Lead researcher Dr. Vini Gautam from the Research School of Engineering at ANU says the scaffold provides a platform to study the growth of the brain cells and how they connect with each other.

“The project will provide new insights into the development of neuro-prosthetics which can help the brain recover after damage due to an accident, stroke or degenerative neurological diseases,” Gautam says.

The study is the first to show the neuronal circuits grown on the nanowire scaffolds were functional and highly interconnected, opening the potential to apply their scaffold design for neuro-prosthetics.

Project group leader Dr. Vincent Daria from The John Curtin School of Medical Research hopes to use the brain on a chip to understand how neurons in the brain form computing circuits and eventually process information.

“Unlike other prosthetics like an artificial limb, neurons need to connect synaptically, which form the basis of information processing in the brain during sensory input, cognition, learning and memory,” Daria says.

“Using a particular nanowire geometry, we have shown that the neurons are highly interconnected and predictably form functional circuits.”

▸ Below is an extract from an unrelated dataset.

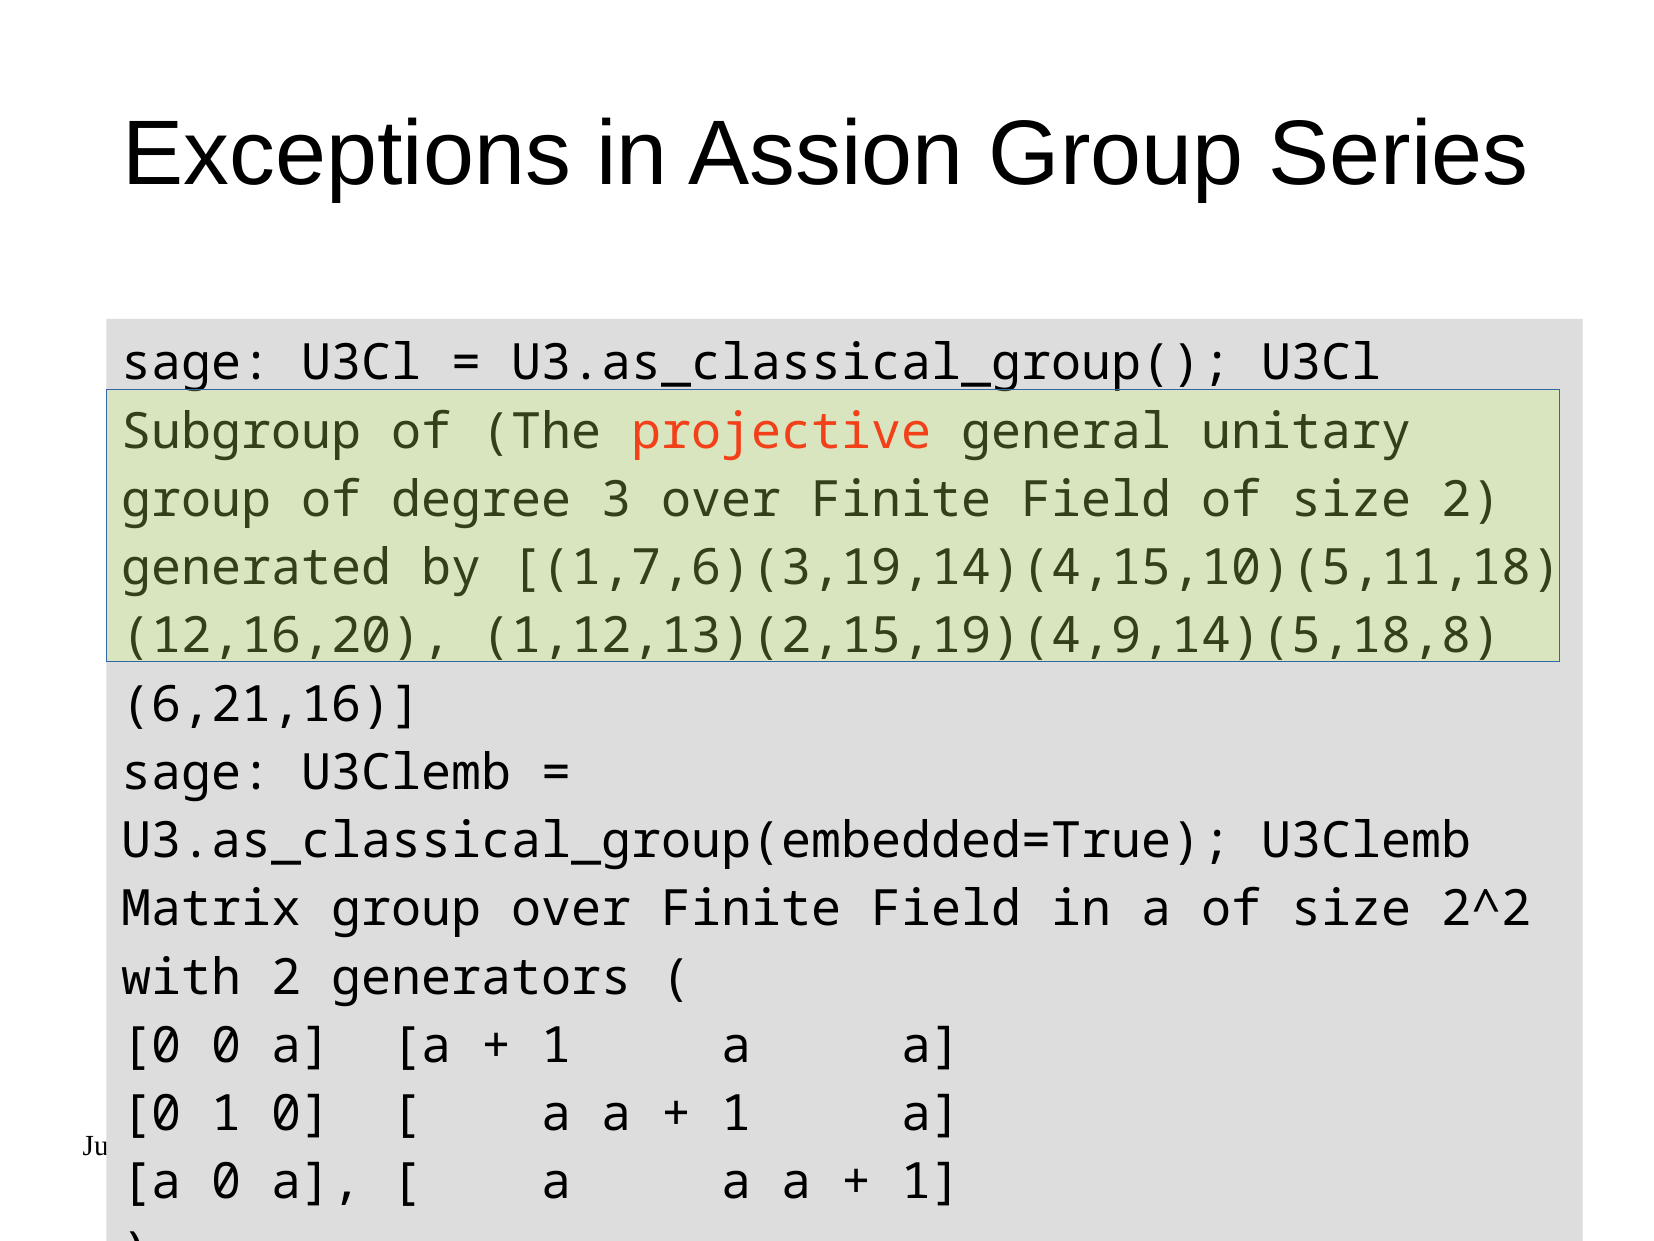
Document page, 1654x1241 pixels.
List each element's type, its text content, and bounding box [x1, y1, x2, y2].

text_box [106, 389, 1560, 662]
text_box sage: U3Cl = U3.as_classical_group(); U3Cl Subgroup of (The projective general unitary group of degree 3 over Finite Field of size 2) generated by [(1,7,6)(3,19,14)(4,15,10)(5,11,18)(12,16,20), (1,12,13)(2,15,19)(4,9,14)(5,18,8)(6,21,16)] sage: U3Clemb = U3.as_classical_group(embedded=True); U3Clemb Matrix group over Finite Field in a of size 2^2 with 2 generators ( [0 0 a] [a + 1 a a] [0 1 0] [ a a + 1 a] [a 0 a], [ a a a + 1] ) [106, 318, 1583, 1129]
title Exceptions in Assion Group Series [82, 49, 1571, 257]

Daria says it was important to build up the appropriate environment where neurons can be predictably connected into functional circuits.

“We were able to make predictive connections between the neurons and demonstrated them to be functional with neurons firing synchronously,” he says.

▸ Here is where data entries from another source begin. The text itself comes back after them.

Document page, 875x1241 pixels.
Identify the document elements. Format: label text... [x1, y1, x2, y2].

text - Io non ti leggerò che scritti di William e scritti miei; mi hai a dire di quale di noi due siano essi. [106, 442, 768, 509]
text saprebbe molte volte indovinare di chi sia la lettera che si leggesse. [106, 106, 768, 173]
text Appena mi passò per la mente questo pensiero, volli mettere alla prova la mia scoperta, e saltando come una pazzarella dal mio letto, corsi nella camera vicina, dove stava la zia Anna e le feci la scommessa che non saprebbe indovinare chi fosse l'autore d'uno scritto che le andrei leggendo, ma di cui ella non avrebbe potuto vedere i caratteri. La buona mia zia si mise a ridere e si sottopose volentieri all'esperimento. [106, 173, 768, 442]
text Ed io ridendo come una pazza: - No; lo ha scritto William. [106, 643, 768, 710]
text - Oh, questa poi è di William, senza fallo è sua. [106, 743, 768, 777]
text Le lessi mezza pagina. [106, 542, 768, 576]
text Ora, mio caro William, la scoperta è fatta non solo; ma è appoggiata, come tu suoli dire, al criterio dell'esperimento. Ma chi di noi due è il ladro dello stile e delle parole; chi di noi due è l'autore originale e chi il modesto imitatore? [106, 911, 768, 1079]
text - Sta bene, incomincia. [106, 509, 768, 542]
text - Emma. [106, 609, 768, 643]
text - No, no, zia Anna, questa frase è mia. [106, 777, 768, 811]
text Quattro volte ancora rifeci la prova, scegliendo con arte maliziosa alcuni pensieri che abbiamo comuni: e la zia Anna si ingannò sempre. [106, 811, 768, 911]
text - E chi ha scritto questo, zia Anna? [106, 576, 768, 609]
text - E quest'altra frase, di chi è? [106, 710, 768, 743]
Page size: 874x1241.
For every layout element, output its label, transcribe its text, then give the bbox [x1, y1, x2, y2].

“This work could open up new research model that builds up a stronger connection between materials nanotechnology with neuroscience.”

The research was a multi-disciplinary collaboration between physics, engineering, and neuroscience.

The nanowires were fabricated by a group led by Professor Chennupati Jagadish at the Research School of Physics and Engineering at ANU.

The research has been published in Nano Letters.